My brother is completely supportive. I speak to him about what I’ve learned through my deconstructionist approach to Christianity and he’s like, “You know what. That’s so true.” Now, he messages or directly comes to me and actively asks his own questions as well. We try to battle it out and he has gained confidence in asking questions which I’m very happy about. I feel grateful on a familial level. There’s great support.

TIRENI: I think you’ve just highlighted how deconstructing your faith just means reconstructing your faith on a more solid foundation rather than losing it. If you reflect on your journey and what specifically deconstructionist Christianity has taught you, what developments would you like to see in the future regarding Christianity in Nigeria?

EKO: I would love SO many things. 

Firstly, I want pastors to be theologically trained. I don’t think it’s enough to tell people you got a calling. No one can verify that. Whether they call you on Airtel o, Glo o, MTN o, nobody knows where this calling came from. It’s the responsible thing to do. 

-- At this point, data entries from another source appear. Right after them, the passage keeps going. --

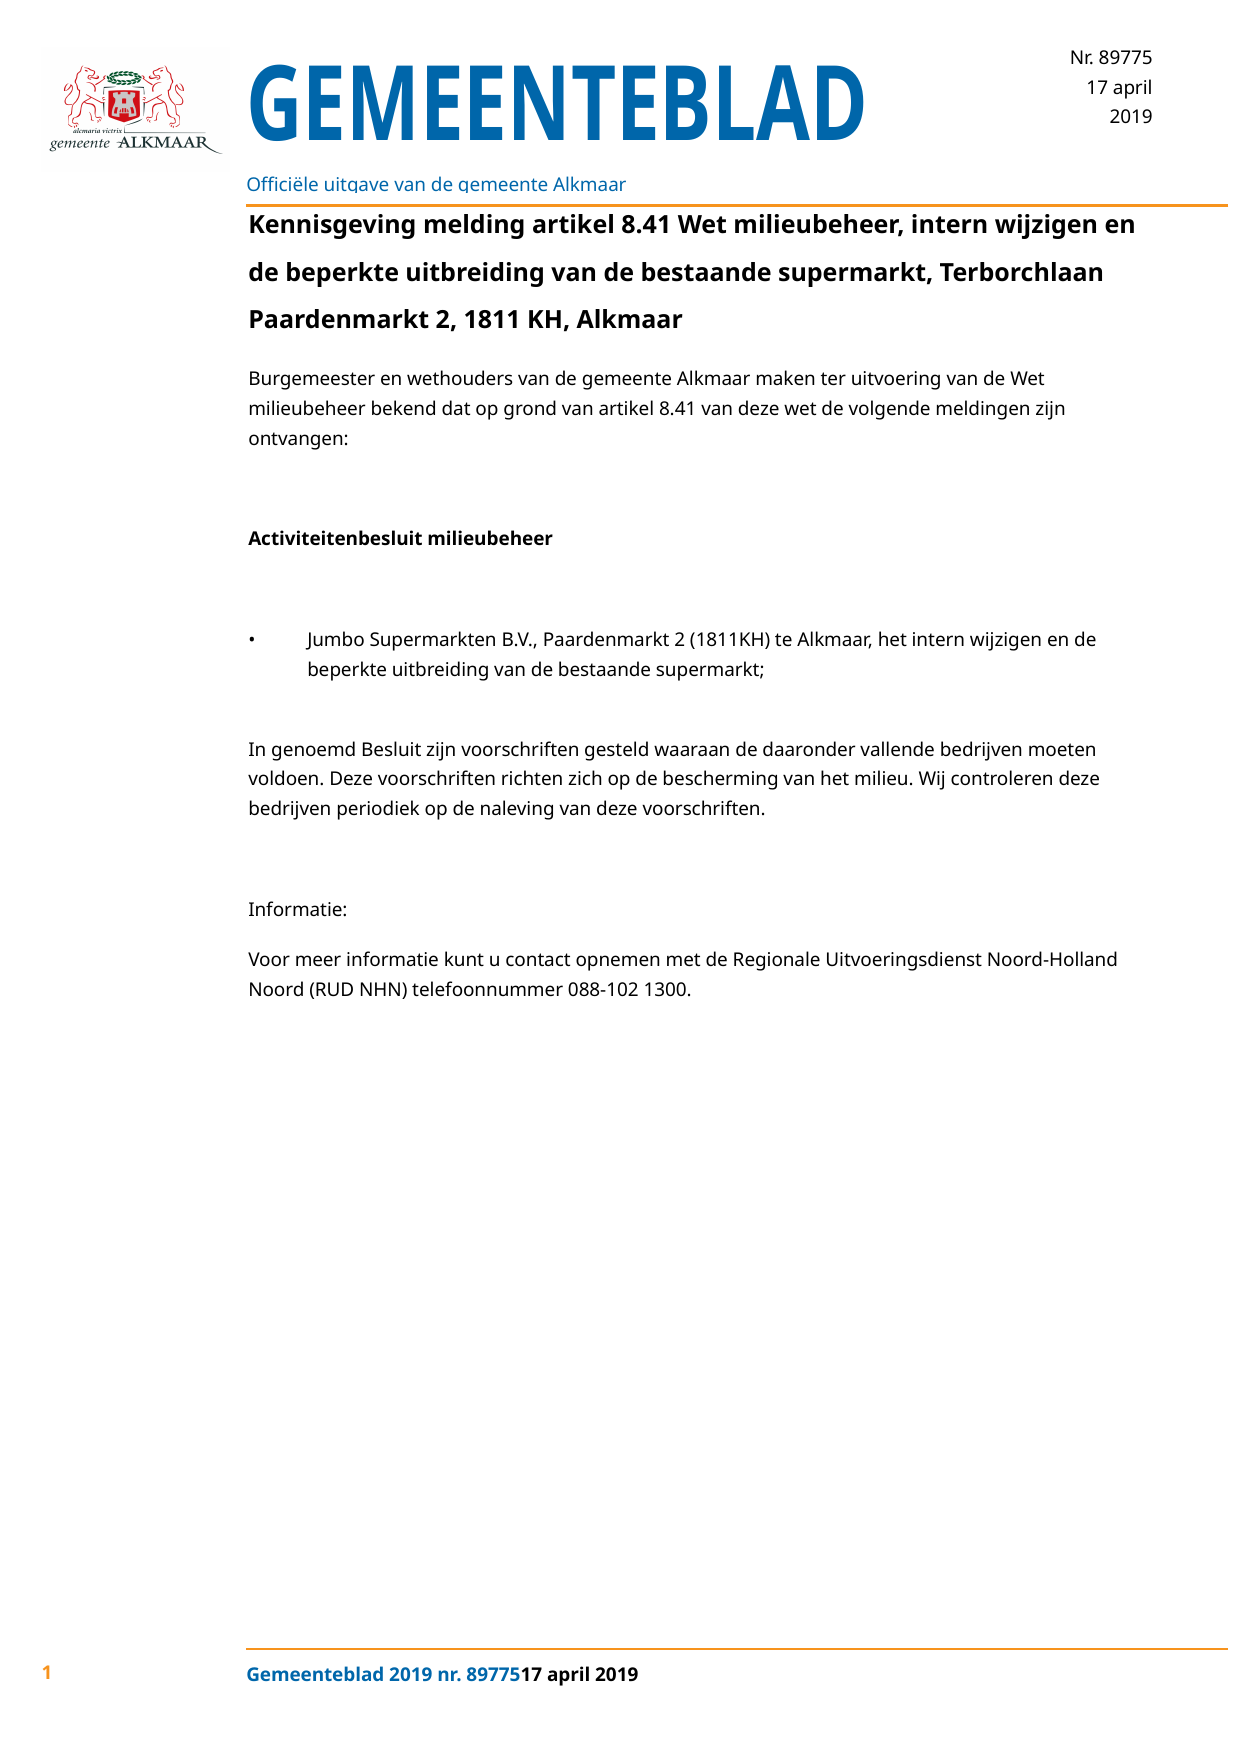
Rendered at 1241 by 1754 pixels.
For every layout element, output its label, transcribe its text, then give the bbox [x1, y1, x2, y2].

text Kennisgeving melding artikel 8.41 Wet milieubeheer, intern wijzigen en de beperkte uitbreiding van de bestaande supermarkt, Terborchlaan Paardenmarkt 2, 1811 KH, Alkmaar [248, 207, 1152, 336]
list Jumbo Supermarkten B.V., Paardenmarkt 2 (1811KH) te Alkmaar, het intern wijzigen en de beperkte uitbreiding van de bestaande supermarkt; [248, 626, 1152, 682]
picture [41, 47, 231, 172]
text Burgemeester en wethouders van de gemeente Alkmaar maken ter uitvoering van de Wet milieubeheer bekend dat op grond van artikel 8.41 van deze wet de volgende meldingen zijn ontvangen: [248, 366, 1152, 450]
text In genoemd Besluit zijn voorschriften gesteld waaraan de daaronder vallende bedrijven moeten voldoen. Deze voorschriften richten zich op de bescherming van het milieu. Wij controleren deze bedrijven periodiek op de naleving van deze voorschriften. [248, 736, 1152, 821]
text Voor meer informatie kunt u contact opnemen met de Regionale Uitvoeringsdienst Noord-Holland Noord (RUD NHN) telefoonnummer 088-102 1300. [248, 946, 1152, 1002]
text Activiteitenbesluit milieubeheer [248, 526, 1152, 551]
text Informatie: [248, 896, 1152, 922]

Now, with that said I think that theological training needs to be done well. The training preachers receive must emphasise the context in which statements were said. It should accommodate debate, particularly as it relates to the Bible or scripture as metaphor vs literalist meanings. Moreover, it should acknowledge the historical, cultural and political context. Even in Biblical times, there was conversation between rulers and religious leaders, so we need to stop shying away from recognising the entanglement between these spheres.  

On a related note, there also needs to be some level of should I call it “Cultural awareness training with Christ” because religion has always blurred the lines with secular culture. We need to understand how religion and Christianity in this case have been complicit in oppression. I’m not saying this as something to get defensive about, but it is important because we need to figure out a way to move forward and do retributive justice.

Secondly, I would love to see alternative modes of worship and community crop up in the future and more so in the Nigerian and broader African context. I’ve had to do a lot of digging to access the resources I’ve found and used to support my journey in faith. I also think more conversation and interaction with the Nigerian Christian community and academic theologians would be wonderful. There are so many people doing great work and who have helped in the deconstructionist conversation like feminist theologians, queer theologians, people of colour across the world and others from marginalised groups who are reading from a completely different lens and give so much context and specificity.

TIRENI: This is a stacked wish list with some great insights. Ok, last question. What resources would you recommend to any readers looking to learn more about deconstructionist Christianity? I know you said earlier that sometimes it can be difficult to find good sources.

EKO: There are so many amazing books and podcasts I would recommend. Here’s a shortlist: 




  • “Ancient Laws and Contemporary Controversies” by Cheryl Anderson.
  • “A History of Christianity in Africa: From Antiquity to Present” by Elizabeth Isichie 
  • “Unprotected Text: The Bible’s Surprising Contradictions About Sex and Desire” by Jennifer Wright 
  • “Passionate and Pious: Religious Media and Black Women’s Sexuality” by Monique Moultrie 
  • “Liberating Black Theology: The Bible and the Black Experience in America” by Anthony Bradley
  • “God of the Oppressed” by James H. Cone

These are some really cool resources, so I hope you enjoy them!